326.5 最高の予感
「というわけで、姉さんお誕生日おめでとうー♪」
「いや、呼び出した要件がそれか?」
早めに仕事を終わらせて瑠美からの呼び出しに応えた結果、何故か遥香は誕生日よりも前に誕生日を祝われていた。年齢的には別に誕生日など祝われても仕方ないという気持ちが強いが素直に渡されたプレゼントを開けてからびっくりする。
「お前・・・これ、今時こんなのどこで手に入れたんだ?」
やたら大きいプレゼントだと思ったら中身は所謂『YES、NO枕』と呼ばれる表にYES、裏にNOと書かれた枕がそこにはあった。
「ドンキで売ってるよー」
「はぁ・・・こんなの渡されても、私は常にYESしか使わないぞ?」
「だろうね。だからこれは姉さん用じゃなくて健斗くん用かな。はい、これが本命のプレゼント」
そうして今度は小さな包みが渡されたので中身を開けるとーーー可愛らしい小さめのスノードームがそこにはあった。
「随分と気の利いたプレゼントだな」
「ま、健斗くんと被らないようにした結果かな?ブラとかなら健斗くんと被らないだろうけど、それを選ぶのは健斗くんの役目だろうしね」
「なあ、やっぱりお前健斗とちょいちょい連絡取ってるんだな」
「うん、まあ必要な時はね。嫉妬かな?」
図星なので遥香はコーヒーを一口飲んでから頷いて言った。
「まあな。例え妹だろうが独占欲が湧くのさ。私の健斗には変わらないからな」
「熱々だねぇ。姉さんから寝とるなんて出来たら面白そうだけど、健斗くん多分絶対私には手を出さないしねぇ」
恐らく瑠美がどれだけ迫ろうとも絶対に靡くことはないだろうという確信が瑠美にはあった。まあ、それ以前の問題で姉の恋人寝とるつもりなど毛頭なかったが。

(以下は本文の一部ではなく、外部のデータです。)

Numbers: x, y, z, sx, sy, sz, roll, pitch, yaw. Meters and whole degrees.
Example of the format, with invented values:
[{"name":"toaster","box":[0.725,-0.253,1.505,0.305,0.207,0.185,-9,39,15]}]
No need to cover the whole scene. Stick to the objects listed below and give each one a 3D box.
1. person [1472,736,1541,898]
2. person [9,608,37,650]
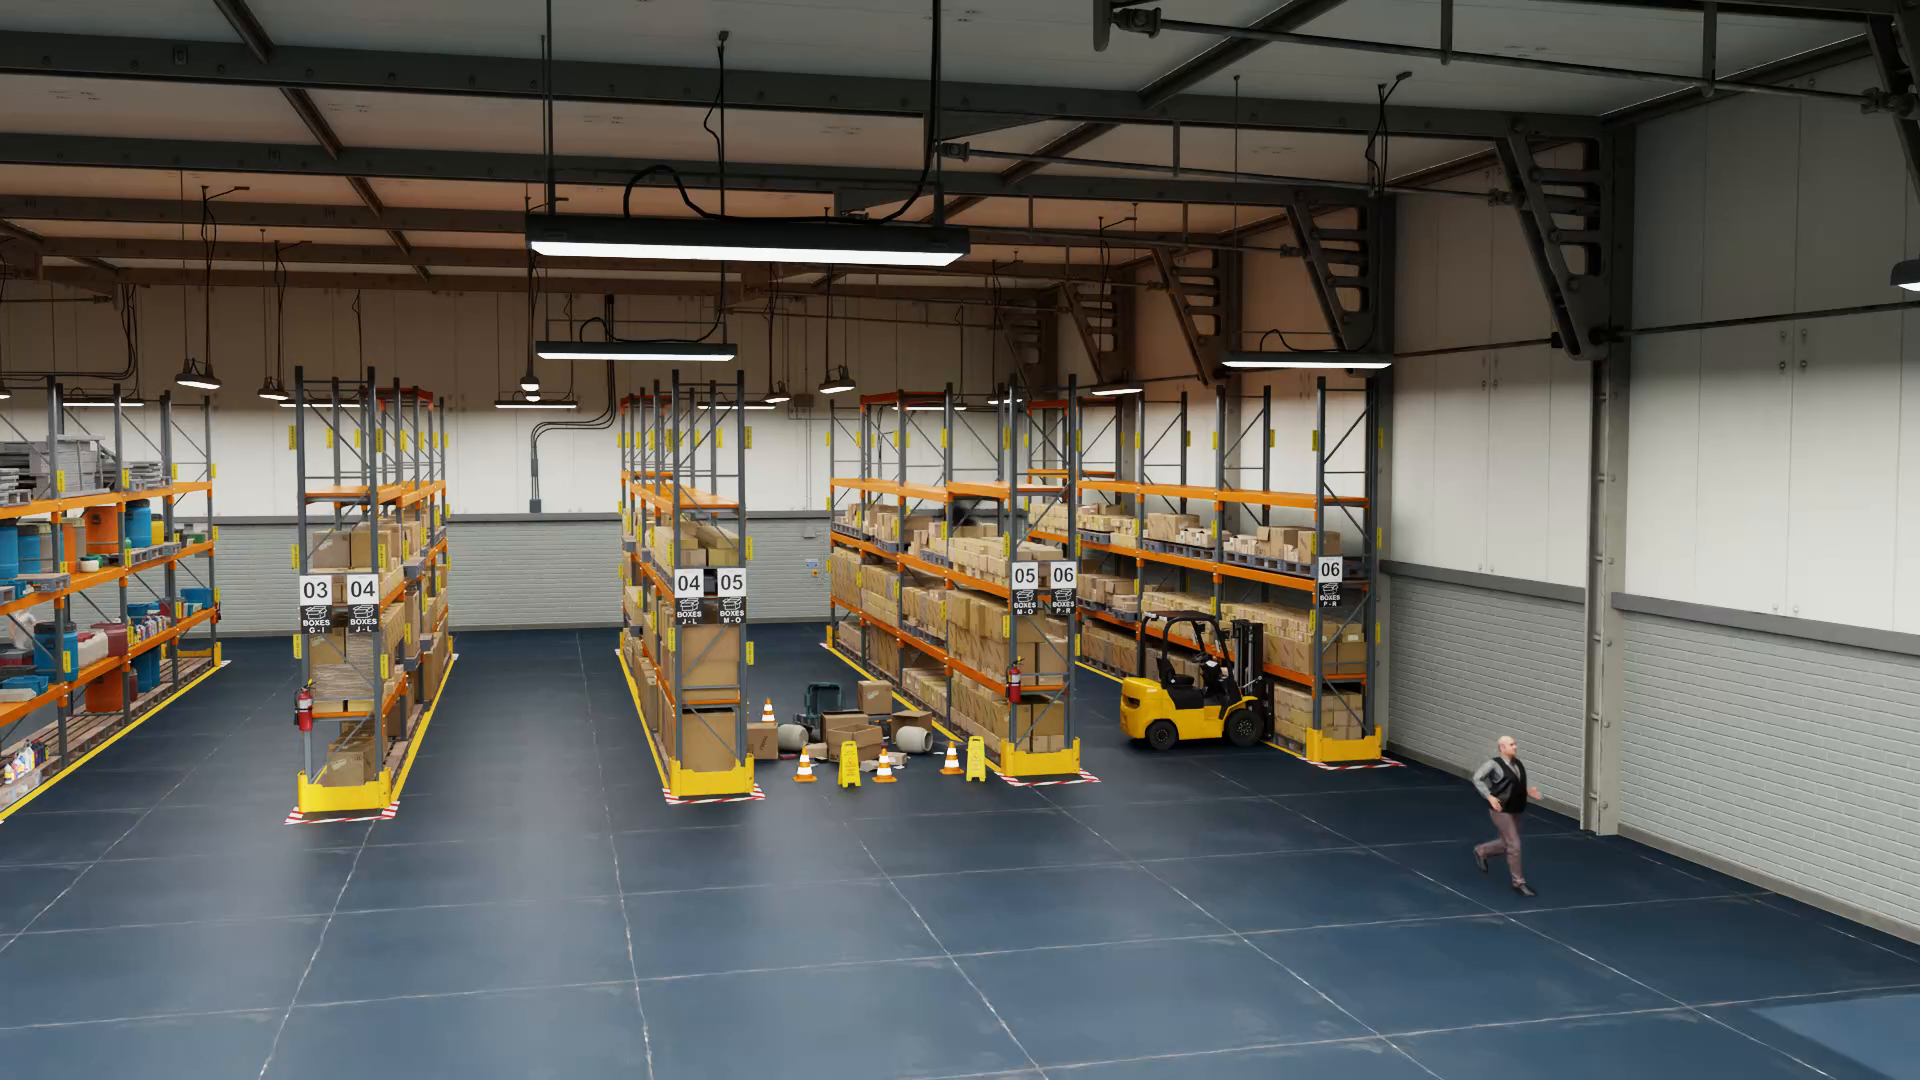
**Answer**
[{"name":"person","box":[6.075,3.041,18.554,0.663,1.727,0.928,-2,4,-35]},{"name":"person","box":[-19.794,2.106,35.136,0.563,1.613,0.738,-1,4,-14]}]
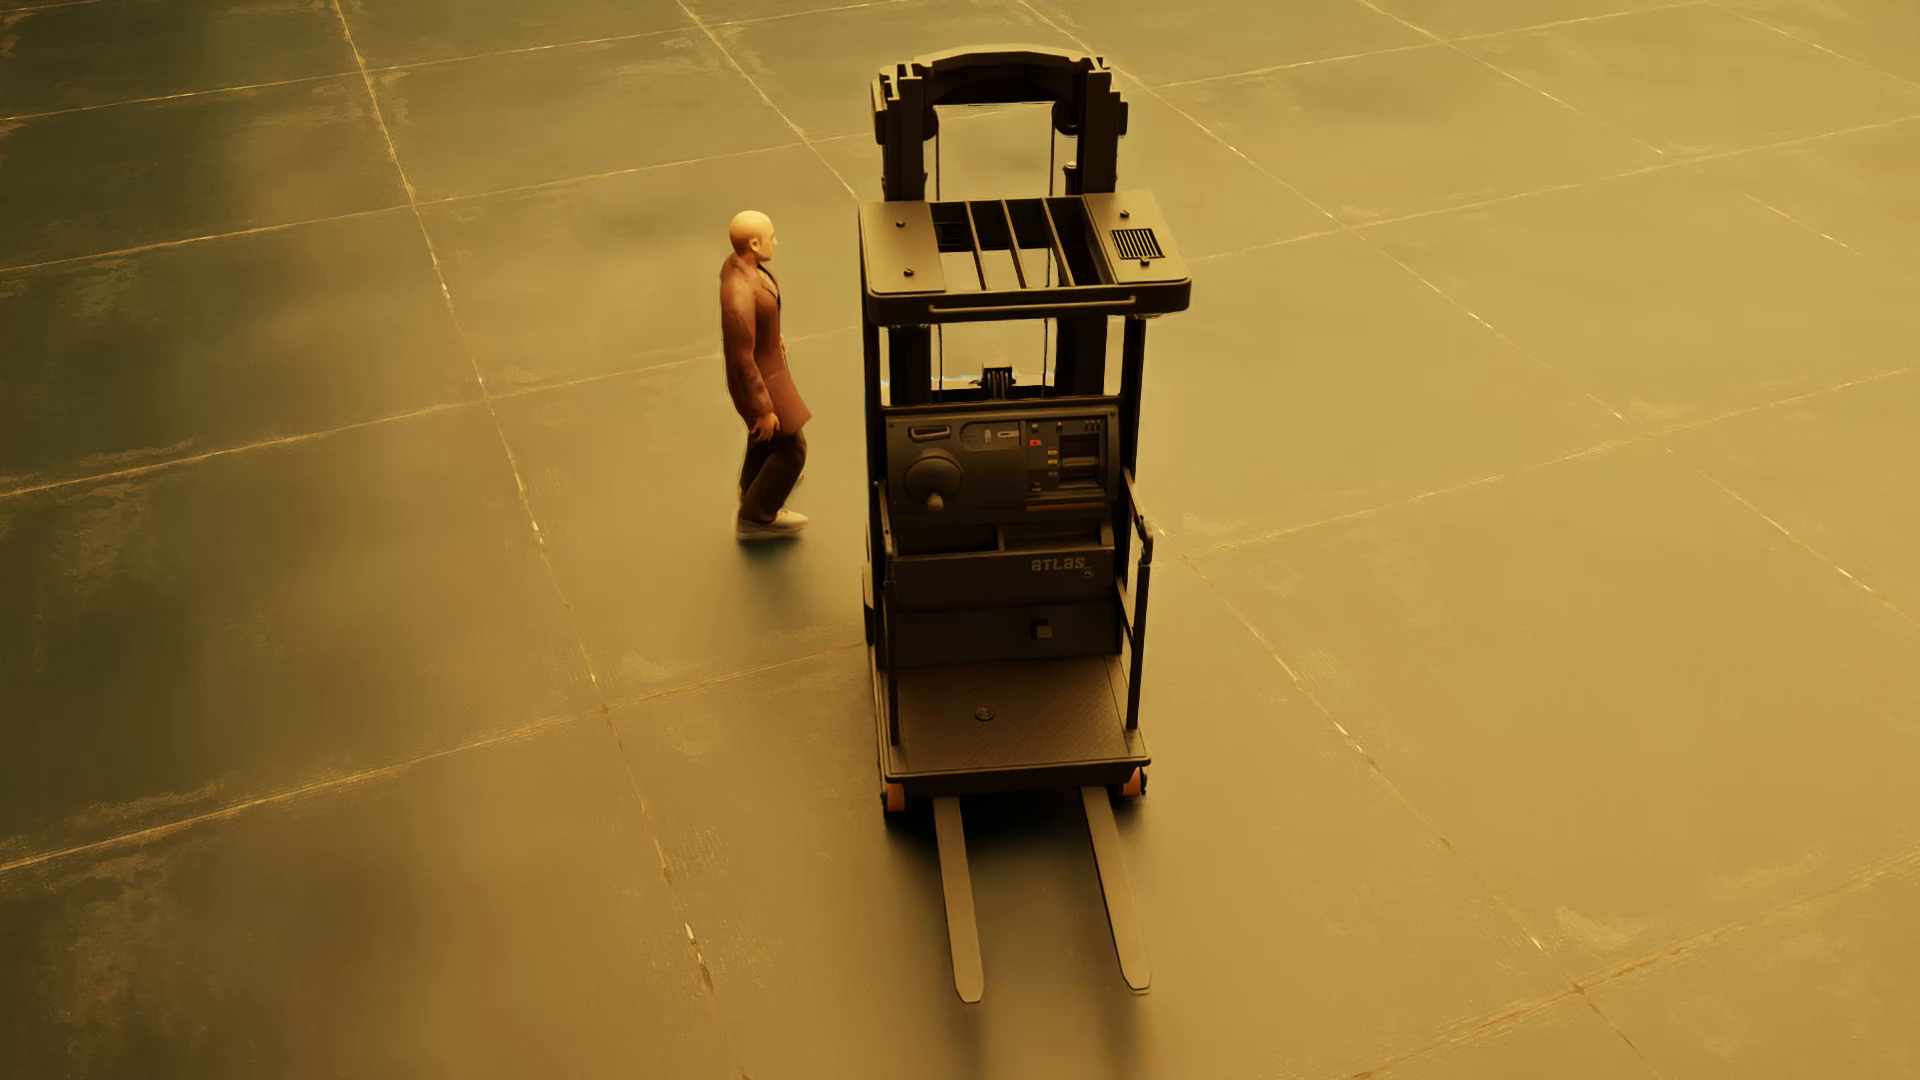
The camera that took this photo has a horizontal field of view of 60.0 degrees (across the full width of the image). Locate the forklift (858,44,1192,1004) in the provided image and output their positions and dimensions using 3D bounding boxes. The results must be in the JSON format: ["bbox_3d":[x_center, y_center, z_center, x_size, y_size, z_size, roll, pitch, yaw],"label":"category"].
[{"bbox_3d":[0.195,-0.255,6.457,1.130,2.935,3.031,-3,36,-5],"label":"forklift"}]

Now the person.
[{"bbox_3d":[-0.964,-0.815,8.261,0.426,1.750,0.826,-5,36,-7],"label":"person"}]
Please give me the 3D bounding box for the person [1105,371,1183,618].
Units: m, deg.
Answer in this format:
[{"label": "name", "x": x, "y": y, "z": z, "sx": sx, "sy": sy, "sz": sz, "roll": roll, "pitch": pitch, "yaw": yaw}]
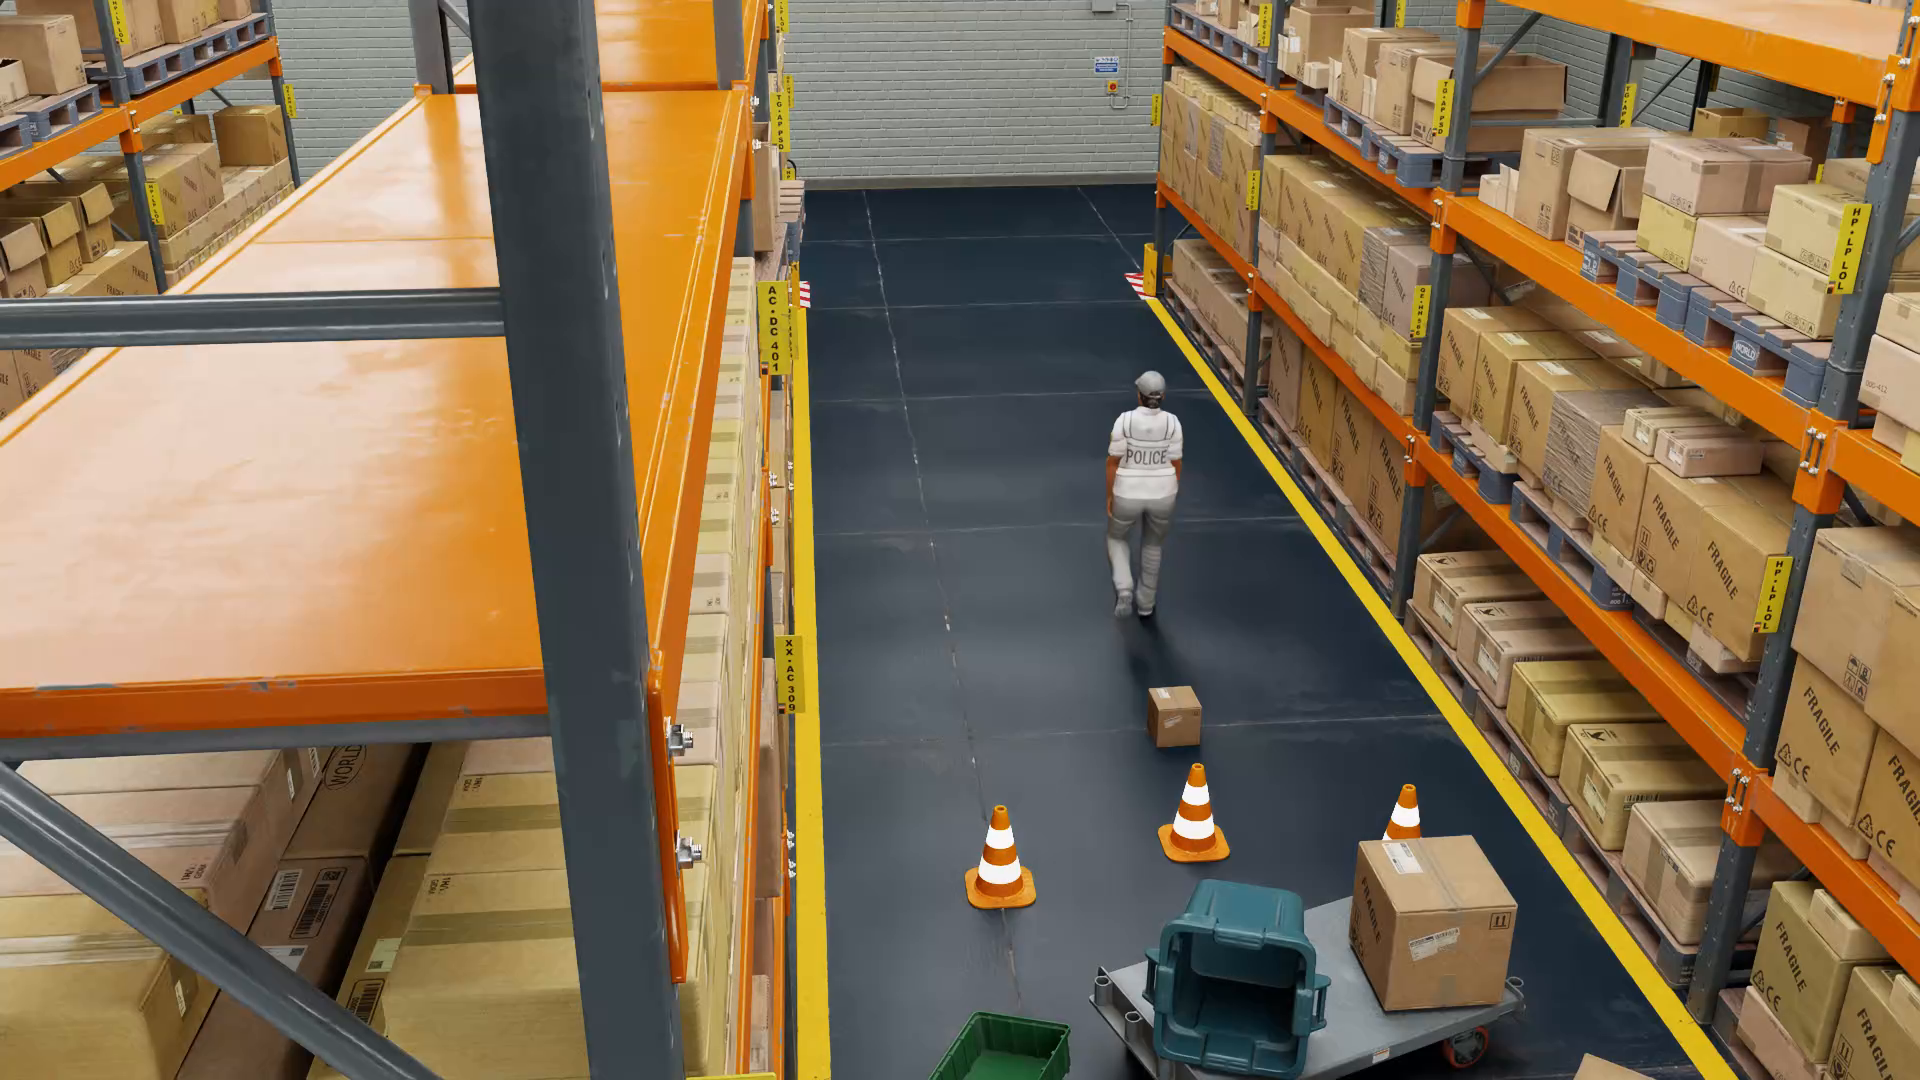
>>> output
[{"label": "person", "x": 1.168, "y": -0.270, "z": 10.652, "sx": 0.485, "sy": 1.651, "sz": 0.478, "roll": 0, "pitch": 24, "yaw": 1}]
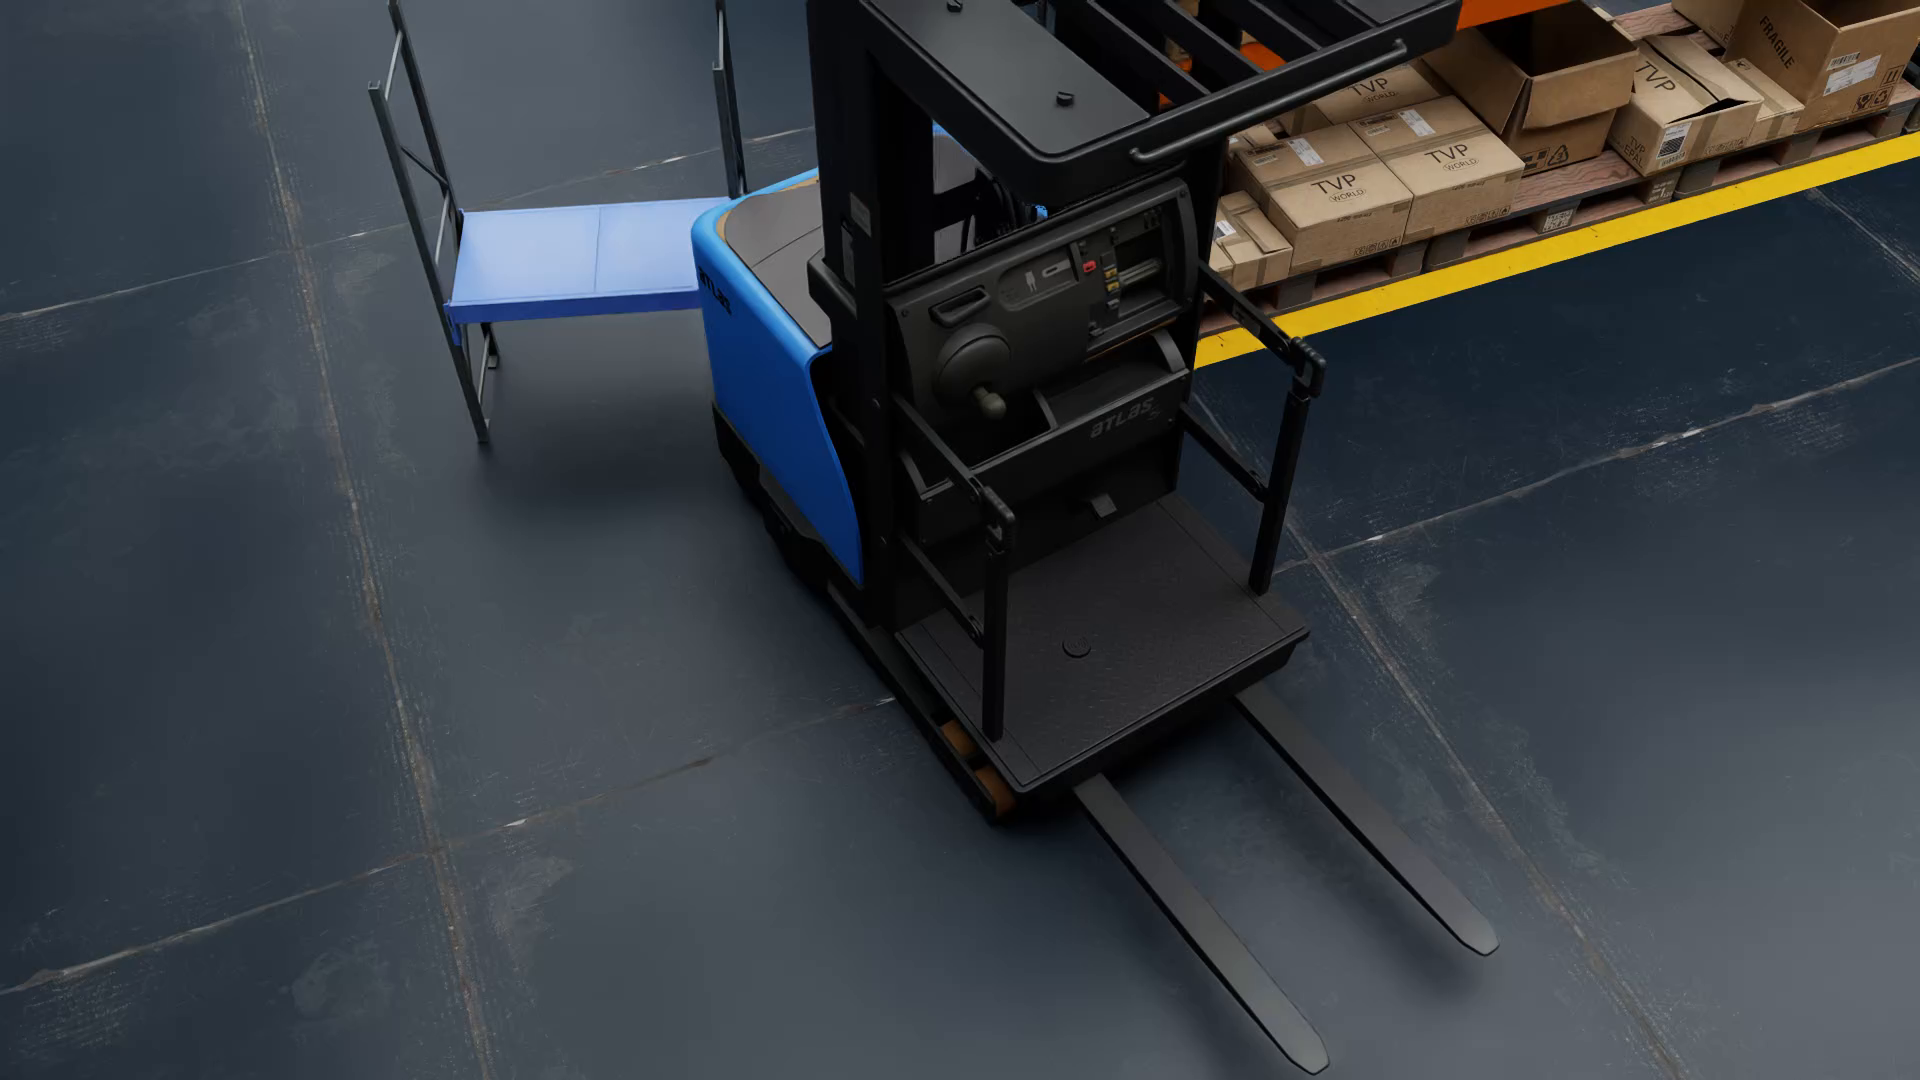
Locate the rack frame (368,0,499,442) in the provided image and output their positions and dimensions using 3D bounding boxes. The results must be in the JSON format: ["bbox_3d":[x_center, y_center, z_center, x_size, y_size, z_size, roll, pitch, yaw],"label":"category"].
[{"bbox_3d":[-1.761,-1.034,5.649,0.032,1.500,0.500,-4,49,-4],"label":"rack frame"}]

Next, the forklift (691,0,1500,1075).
[{"bbox_3d":[0.362,-0.533,4.276,1.130,2.935,3.031,-26,54,-21],"label":"forklift"}]

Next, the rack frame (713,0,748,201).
[{"bbox_3d":[-0.749,-1.109,5.714,0.032,1.500,0.500,-4,49,-4],"label":"rack frame"}]

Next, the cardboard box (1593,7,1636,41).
[{"bbox_3d":[2.745,-2.116,7.168,0.250,0.166,0.380,-17,52,-14],"label":"cardboard box"}]

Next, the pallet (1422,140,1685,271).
[{"bbox_3d":[2.245,-1.662,7.038,1.213,0.211,1.003,-17,52,-14],"label":"pallet"}]

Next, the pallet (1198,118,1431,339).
[{"bbox_3d":[1.117,-1.315,6.740,1.213,0.211,1.003,-17,52,-14],"label":"pallet"}]

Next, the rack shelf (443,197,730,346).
[{"bbox_3d":[-1.255,-0.954,5.818,1.000,0.185,0.538,-4,49,-4],"label":"rack shelf"}]

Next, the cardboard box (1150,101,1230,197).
[{"bbox_3d":[0.719,-1.630,6.530,0.500,0.500,0.500,-17,52,-14],"label":"cardboard box"}]

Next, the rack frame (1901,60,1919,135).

「私だって我慢してるんだ。ここで邪魔なんかされてたまるか」
「姉さん本当に肉食なのに頑張ってるねぇ。卒業式終わったら健斗くんその反動受けてやばそうだよね」
「まあ、否定はしないが」
入籍出来れば多分遥香はこれまでの分も健斗にせまるだろうという確信があった。絶対に止まらないのが目に見えてるが・・・まあ、そんな自分のことも健斗は優しく受け入れてくれそうだとも思うのだ。
「というか、なんで今プレゼント渡すんだ?」
「え?だってお正月まで会うことないだろうし・・・それに、せっかくの家族水入らずを邪魔なんて出来ないよ」
「なるほどな・・・まあ、とにかくありがとう」
「うん。あ、あとこれは恵さんから新しく仕入れた健斗くんの写真ね」
その渡された写真の方がプレゼントよりもずっと嬉しそうだったという事実は瑠美の胸の内に閉まっておくのだった。まあ、今年は健斗もいるしきっと遥香にとって人生で1番幸せな誕生日になるだろうとも思うのだった。